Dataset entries
──────
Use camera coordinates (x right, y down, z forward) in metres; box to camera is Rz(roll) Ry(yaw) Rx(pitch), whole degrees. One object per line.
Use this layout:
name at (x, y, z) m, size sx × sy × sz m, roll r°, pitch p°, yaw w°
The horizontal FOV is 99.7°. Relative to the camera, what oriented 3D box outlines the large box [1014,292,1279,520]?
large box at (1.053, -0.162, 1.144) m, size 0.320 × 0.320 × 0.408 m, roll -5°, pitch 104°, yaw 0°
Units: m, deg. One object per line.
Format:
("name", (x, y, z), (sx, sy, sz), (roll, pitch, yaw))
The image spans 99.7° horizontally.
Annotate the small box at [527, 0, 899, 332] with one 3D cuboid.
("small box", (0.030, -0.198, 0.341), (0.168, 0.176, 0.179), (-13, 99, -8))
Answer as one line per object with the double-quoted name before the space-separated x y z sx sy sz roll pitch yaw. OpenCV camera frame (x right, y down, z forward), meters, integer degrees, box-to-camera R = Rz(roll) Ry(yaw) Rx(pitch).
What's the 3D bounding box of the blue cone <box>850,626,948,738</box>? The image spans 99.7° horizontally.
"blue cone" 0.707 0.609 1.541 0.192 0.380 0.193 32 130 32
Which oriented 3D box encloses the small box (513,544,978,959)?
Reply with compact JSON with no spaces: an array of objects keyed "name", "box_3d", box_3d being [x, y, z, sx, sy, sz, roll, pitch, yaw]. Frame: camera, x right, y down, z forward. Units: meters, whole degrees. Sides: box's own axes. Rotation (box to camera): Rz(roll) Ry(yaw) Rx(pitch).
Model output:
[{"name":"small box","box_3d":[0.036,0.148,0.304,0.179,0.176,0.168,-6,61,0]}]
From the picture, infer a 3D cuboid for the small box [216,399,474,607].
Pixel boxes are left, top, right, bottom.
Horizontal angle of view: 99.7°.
──────
Identify the lines in the entries that hold "whole" and return each one.

Use camera coordinates (x right, y down, z forward) in metres; box to camera is Rz(roll) Ry(yaw) Rx(pitch), whole degrees. One object per line.
Reply with compact JSON with no spaces: an array of objects keyed "name", "box_3d", box_3d being [x, y, z, sx, sy, sz, roll, pitch, yaw]. Frame: camera, x right, y down, z forward. Units: meters, whole degrees. Sides: box's own axes. Rotation (box to camera): Rz(roll) Ry(yaw) Rx(pitch).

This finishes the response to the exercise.